Compliance Documentation Package

Programs with Section 5949 obligations should maintain:

  1. System classification determination — NSS vs. critical infrastructure vs. general defense IT
  2. CSP selection rationale — why the chosen cloud service meets prohibition requirements
  3. Hardware procurement records — documentation that contractor-procured hardware excludes prohibited components
  4. SBOM records — software bill of materials for delivered applications (generated per SLSA supply chain security requirements)
  5. Supplier attestations — hardware supply chain attestations from sub-tier suppliers
  6. Annual reviews — periodic re-review as the prohibited entity list evolves

This documentation package should be maintained in the program's document management system and referenced in the SSP supply chain risk management section.

Practical Guidance for Cloud Engineering Subs

For cloud engineering subcontractors delivering to DoD programs, Section 5949 practical compliance involves:

  1. Use GovCloud regions exclusively — AWS GovCloud, Azure Government, or Google Government Cloud for all program work
  2. Don't procure prohibited hardware — maintain a procurement policy with explicit exclusions
  3. Generate SBOMs for deliverables — provide software supply chain visibility to primes
  4. Answer supply chain questionnaires promptly — primes are asking because they're required to; a well-prepared sub provides documentation quickly
  5. Stay current on guidance — Section 5949 implementing regulations are still evolving; subscribe to DFARS rule tracking through acquisition.gov

Rutagon maintains compliance documentation aligned with current NDAA provisions as a standard element of subcontract delivery, making prime supply chain verification straightforward.

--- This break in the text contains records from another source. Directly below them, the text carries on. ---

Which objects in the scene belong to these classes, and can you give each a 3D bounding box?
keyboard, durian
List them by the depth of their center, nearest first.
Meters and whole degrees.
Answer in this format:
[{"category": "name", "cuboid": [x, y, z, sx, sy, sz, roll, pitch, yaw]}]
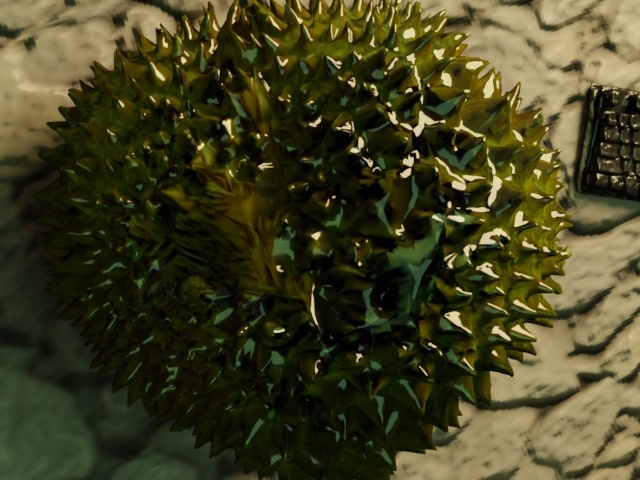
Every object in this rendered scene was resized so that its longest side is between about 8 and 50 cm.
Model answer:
[{"category": "durian", "cuboid": [0.002, 0.002, 0.937, 0.291, 0.224, 0.291, -4, 99, -23]}, {"category": "keyboard", "cuboid": [0.269, -0.053, 1.194, 0.231, 0.023, 0.072, 7, 94, -29]}]
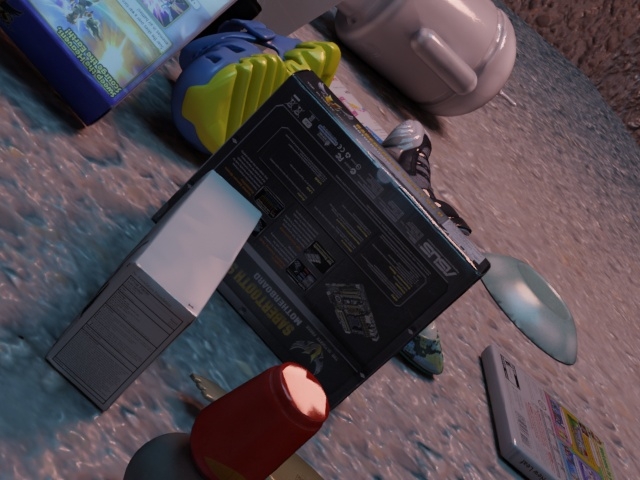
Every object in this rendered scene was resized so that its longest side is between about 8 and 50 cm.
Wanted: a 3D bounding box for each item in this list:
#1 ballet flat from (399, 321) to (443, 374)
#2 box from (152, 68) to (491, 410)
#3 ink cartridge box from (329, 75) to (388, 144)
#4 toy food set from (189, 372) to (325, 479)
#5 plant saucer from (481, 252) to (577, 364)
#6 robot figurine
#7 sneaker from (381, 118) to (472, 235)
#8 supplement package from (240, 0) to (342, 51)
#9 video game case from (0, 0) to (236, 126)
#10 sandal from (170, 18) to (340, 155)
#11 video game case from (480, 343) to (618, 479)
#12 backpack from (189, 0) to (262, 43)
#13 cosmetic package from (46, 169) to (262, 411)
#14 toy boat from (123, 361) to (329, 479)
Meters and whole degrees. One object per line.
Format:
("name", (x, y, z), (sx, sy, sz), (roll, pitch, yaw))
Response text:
("ballet flat", (0.071, 0.060, 1.444), (0.188, 0.070, 0.070), (40, 19, -18))
("box", (0.000, 0.000, 1.227), (0.231, 0.183, 0.056), (47, 19, 4))
("ink cartridge box", (0.023, -0.150, 1.802), (0.122, 0.052, 0.088), (48, 18, 9))
("toy food set", (-0.027, 0.184, 1.025), (0.132, 0.038, 0.192), (36, 10, -44))
("plant saucer", (0.284, 0.078, 1.919), (0.195, 0.037, 0.195), (41, 18, -16))
("robot figurine", (0.164, -0.328, 2.253), (0.353, 0.200, 0.300), (37, 22, -26))
("sneaker", (0.106, -0.046, 1.700), (0.153, 0.101, 0.268), (47, 24, 1))
("supplement package", (-0.083, -0.393, 1.743), (0.262, 0.204, 0.145), (52, 11, -41))
("video game case", (-0.208, -0.278, 1.295), (0.269, 0.061, 0.244), (50, 55, -10))
("sandal", (-0.092, -0.165, 1.511), (0.138, 0.126, 0.317), (25, 16, 11))
("video game case", (0.256, 0.225, 1.568), (0.193, 0.023, 0.212), (40, 18, -16))
("backpack", (-0.144, -0.295, 1.607), (0.182, 0.152, 0.115), (40, 24, -57))
("cosmetic package", (-0.114, 0.027, 1.052), (0.060, 0.099, 0.239), (44, 18, -7))
("toy boat", (-0.005, 0.232, 0.829), (0.267, 0.148, 0.318), (8, 49, -54))
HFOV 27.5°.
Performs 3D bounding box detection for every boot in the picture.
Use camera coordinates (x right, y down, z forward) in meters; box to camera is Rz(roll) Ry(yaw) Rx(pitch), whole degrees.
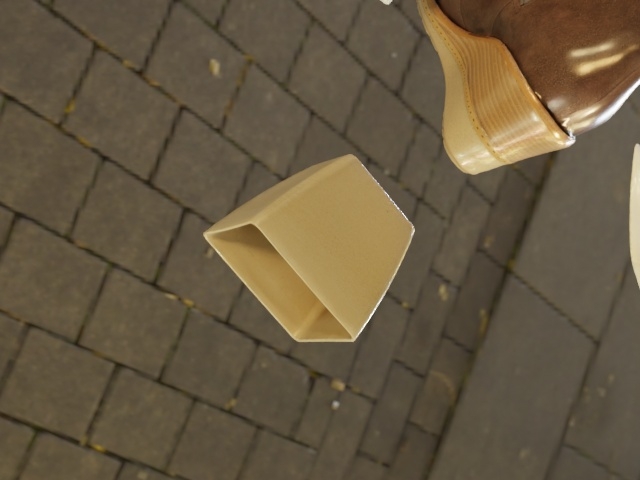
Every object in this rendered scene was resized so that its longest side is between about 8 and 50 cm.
[{"bbox_3d":[0.168,-0.163,0.841,0.090,0.207,0.248,41,32,-32],"label":"boot"}]

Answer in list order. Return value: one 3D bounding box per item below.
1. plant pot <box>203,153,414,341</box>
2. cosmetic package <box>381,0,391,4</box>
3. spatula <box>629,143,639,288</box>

Discuss supply chain compliance requirements →

Frequently Asked Questions

Is Section 5949 the same as Section 889?

No — they're separate NDAA provisions. Section 889 (FY2019 NDAA) prohibits specific telecommunications and video surveillance equipment/services from named entities (Huawei, ZTE, Hytera, Hikvision, Dahua) for any federal procurement. Section 5949 (FY2023 NDAA) extends prohibition concepts to semiconductor components in national security systems. Programs must comply with both — Section 889 is already in full enforcement while Section 5949 is in phased implementation.

Does Section 5949 affect commercial cloud services hosted in the US?

It depends on the cloud service and program classification. Commercial cloud regions (AWS us-east-1, Azure East US, etc.) don't maintain the hardware supply chain documentation that government regions do. For programs classified as National Security Systems, using government-specific cloud regions with documented supply chain controls is the defensible compliance posture. Consult your CO and legal counsel for program-specific determinations.

How does a cloud engineering sub demonstrate Section 5949 compliance to a prime?

The standard package includes: hardware procurement policy documenting prohibited vendor exclusions, hardware purchase records for contractor-owned equipment (development systems, lab hardware), SBOM documentation for software deliverables, and CSP selection documentation showing government cloud regions were used. Primes typically request this through their CMMC/supply chain questionnaire process.

Are SBOM requirements directly tied to Section 5949?

SBOM requirements for federal software come from multiple sources: Executive Order 14028 (Cybersecurity EO) mandates SBOMs for critical software, NIST 800-161 recommends supply chain visibility tools including SBOMs, and Section 5949 compliance benefits from SBOM analysis to identify software with potential prohibited vendor dependencies. They're complementary requirements rather than directly linked.

When does full Section 5949 prohibition take effect?

Section 5949 has a phased implementation timeline. National Security System restrictions began with reporting requirements in FY2023-2024, with procurement prohibition phasing in through FY2027. The exact dates for each system category and prohibition type are specified in the statute and implementing regulations. Program offices should work with their CO to determine the specific compliance dates applicable to their program.